» **EXERCISE**
Every line in the entries that holds "after" should be identified and copied.

━━━ MATERIAL PROVIDED

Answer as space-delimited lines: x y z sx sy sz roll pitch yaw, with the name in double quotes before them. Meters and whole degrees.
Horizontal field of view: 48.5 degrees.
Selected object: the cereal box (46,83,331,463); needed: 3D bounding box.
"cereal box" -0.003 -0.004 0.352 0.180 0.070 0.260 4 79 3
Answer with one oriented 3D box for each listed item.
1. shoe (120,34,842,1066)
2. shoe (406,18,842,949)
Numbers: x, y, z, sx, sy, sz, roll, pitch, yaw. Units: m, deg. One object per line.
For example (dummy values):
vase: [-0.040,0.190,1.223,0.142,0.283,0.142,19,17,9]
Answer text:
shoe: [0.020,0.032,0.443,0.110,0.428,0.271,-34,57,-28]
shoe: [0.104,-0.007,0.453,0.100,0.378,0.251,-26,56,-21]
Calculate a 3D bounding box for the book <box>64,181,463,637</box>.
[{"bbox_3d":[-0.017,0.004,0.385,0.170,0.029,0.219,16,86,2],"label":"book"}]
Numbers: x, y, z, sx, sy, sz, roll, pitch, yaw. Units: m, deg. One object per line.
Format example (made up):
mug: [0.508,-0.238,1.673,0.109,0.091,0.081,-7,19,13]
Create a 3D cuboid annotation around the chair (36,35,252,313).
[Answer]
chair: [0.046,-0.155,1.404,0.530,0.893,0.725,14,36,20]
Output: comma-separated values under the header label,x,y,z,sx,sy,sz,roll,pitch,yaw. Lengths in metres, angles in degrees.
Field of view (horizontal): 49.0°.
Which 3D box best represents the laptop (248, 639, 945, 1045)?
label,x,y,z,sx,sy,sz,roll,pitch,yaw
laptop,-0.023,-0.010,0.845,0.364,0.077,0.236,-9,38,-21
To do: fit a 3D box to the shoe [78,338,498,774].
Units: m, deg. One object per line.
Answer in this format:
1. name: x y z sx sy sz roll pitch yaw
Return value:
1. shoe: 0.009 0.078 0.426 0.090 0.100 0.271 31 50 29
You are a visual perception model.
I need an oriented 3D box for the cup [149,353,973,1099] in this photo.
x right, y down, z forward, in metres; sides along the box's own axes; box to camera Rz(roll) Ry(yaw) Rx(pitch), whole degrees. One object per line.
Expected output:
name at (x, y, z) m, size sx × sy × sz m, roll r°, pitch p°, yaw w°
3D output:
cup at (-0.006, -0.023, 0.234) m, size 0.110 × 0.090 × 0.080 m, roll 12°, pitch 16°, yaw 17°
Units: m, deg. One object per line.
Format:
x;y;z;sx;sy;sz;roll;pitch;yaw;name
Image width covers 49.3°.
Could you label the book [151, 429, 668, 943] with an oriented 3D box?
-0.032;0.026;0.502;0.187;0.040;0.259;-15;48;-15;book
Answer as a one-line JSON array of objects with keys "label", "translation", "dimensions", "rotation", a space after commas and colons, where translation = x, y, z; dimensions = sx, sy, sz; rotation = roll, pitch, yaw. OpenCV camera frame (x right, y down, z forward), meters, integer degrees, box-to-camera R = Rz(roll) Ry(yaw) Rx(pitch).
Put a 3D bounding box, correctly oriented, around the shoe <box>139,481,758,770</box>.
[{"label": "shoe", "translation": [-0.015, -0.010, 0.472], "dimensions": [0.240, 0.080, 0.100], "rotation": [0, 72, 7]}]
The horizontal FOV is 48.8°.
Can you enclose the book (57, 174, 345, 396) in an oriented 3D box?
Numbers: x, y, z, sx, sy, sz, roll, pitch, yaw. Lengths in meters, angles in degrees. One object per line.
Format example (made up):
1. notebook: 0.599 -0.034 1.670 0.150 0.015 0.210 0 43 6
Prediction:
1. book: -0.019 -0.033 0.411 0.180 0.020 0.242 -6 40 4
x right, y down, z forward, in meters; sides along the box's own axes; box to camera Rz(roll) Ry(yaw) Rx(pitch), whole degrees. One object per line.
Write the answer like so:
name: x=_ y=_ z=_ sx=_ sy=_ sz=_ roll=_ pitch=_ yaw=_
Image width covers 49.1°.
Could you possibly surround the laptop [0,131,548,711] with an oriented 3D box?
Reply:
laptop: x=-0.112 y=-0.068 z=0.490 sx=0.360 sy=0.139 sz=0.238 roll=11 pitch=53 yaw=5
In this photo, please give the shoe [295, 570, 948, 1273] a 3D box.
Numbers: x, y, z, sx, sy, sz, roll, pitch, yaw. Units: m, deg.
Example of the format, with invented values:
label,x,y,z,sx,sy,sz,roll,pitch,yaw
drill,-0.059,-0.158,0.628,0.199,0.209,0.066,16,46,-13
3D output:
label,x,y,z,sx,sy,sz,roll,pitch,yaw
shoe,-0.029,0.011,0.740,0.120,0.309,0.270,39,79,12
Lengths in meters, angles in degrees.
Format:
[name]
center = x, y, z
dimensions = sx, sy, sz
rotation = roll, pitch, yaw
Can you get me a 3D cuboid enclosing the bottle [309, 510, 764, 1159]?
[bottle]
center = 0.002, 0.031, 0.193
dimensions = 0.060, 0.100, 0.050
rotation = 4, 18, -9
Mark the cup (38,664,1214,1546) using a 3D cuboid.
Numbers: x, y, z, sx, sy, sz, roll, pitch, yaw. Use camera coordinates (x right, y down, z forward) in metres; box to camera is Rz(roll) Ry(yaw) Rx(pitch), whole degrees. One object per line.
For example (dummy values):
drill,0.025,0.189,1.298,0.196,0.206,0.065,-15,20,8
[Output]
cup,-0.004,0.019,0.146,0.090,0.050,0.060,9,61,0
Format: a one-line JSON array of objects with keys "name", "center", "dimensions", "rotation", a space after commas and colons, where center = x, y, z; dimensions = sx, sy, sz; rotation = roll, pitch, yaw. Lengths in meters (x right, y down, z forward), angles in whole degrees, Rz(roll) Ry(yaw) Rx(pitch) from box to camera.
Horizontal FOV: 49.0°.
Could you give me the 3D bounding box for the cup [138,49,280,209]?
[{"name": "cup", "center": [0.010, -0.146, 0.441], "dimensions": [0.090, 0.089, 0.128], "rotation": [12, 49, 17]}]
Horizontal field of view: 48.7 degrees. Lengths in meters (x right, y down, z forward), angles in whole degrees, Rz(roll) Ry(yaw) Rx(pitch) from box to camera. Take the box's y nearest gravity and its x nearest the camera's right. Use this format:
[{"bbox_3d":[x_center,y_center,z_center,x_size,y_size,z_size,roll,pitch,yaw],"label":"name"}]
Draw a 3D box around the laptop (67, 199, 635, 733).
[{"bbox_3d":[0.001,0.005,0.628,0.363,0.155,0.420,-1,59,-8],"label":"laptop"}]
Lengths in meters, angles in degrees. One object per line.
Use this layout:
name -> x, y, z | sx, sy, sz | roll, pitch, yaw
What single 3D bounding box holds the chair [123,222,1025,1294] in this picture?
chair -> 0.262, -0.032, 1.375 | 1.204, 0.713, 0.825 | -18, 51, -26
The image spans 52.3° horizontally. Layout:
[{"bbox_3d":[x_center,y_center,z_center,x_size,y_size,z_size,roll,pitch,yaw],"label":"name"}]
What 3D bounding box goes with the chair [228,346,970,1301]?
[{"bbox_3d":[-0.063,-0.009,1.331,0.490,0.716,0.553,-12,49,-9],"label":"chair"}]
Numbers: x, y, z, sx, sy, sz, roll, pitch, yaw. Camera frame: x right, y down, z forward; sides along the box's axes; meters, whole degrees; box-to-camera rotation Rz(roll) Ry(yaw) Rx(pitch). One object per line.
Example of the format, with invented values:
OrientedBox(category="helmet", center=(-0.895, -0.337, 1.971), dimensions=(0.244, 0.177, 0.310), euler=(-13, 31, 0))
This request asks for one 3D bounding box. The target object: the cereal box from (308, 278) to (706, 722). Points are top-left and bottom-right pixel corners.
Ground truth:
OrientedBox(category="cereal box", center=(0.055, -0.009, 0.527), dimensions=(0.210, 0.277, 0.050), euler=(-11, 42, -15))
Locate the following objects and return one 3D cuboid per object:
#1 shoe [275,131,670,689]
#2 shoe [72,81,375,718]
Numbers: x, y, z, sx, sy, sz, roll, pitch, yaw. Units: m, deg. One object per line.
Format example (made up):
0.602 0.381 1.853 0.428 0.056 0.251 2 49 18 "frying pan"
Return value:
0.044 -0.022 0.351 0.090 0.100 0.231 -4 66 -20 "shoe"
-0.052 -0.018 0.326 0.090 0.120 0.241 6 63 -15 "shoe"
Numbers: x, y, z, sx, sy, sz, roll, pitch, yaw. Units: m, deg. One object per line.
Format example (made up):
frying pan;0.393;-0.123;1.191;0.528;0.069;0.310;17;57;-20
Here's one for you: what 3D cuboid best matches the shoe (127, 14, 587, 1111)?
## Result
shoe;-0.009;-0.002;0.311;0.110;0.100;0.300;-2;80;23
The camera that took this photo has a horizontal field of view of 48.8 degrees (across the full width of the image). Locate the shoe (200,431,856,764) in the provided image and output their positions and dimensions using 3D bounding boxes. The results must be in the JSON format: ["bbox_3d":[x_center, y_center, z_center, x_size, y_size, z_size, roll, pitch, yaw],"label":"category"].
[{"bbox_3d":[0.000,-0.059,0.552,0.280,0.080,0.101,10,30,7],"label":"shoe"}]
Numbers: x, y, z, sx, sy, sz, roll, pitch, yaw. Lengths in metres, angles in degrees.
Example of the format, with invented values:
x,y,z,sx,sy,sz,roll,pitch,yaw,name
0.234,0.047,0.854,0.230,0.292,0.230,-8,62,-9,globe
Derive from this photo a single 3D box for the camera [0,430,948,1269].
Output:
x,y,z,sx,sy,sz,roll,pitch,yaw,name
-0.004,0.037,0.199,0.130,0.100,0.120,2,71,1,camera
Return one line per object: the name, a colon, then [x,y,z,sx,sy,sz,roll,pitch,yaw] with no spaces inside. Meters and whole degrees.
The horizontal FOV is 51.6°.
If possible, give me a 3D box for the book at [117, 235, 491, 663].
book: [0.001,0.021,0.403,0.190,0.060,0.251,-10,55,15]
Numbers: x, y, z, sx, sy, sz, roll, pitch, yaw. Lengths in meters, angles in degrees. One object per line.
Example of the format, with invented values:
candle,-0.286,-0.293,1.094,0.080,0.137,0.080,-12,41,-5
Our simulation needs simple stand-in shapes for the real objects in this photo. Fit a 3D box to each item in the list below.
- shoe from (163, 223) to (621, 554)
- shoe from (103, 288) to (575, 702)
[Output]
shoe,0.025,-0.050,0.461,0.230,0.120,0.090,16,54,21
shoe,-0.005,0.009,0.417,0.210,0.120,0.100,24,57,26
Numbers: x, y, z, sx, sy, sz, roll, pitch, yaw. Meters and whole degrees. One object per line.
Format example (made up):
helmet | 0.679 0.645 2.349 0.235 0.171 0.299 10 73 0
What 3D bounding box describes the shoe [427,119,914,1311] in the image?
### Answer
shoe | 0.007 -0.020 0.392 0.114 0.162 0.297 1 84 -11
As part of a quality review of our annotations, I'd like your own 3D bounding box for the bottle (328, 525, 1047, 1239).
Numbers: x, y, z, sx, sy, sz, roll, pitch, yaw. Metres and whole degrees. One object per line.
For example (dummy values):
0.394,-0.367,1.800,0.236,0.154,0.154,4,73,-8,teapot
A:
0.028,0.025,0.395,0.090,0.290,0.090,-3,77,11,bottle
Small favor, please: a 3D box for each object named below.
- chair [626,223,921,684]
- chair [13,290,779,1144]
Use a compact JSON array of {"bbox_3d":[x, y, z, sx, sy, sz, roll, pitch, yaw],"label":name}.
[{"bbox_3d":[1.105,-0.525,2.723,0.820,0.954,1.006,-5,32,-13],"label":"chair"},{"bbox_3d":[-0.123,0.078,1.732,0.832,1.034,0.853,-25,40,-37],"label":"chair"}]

━━━━━━

» **RESPONSE AREA**
Answer as a one-line JSON array of objects with keys "label", "translation", "dimensions", "rotation", a space after commas and colons, where translation = x, y, z; dimensions = sx, sy, sz; rotation = roll, pitch, yaw. OpenCV camera frame (x right, y down, z forward), meters, integer degrees, box-to-camera R = Rz(roll) Ry(yaw) Rx(pitch).
Format: a one-line JSON array of objects with keys "name", "center", "dimensions", "rotation", a space after commas and colons, where center = x, y, z; dimensions = sx, sy, sz; rotation = roll, pitch, yaw. Lengths in meters (x right, y down, z forward), angles in whole degrees, Rz(roll) Ry(yaw) Rx(pitch) from box to camera.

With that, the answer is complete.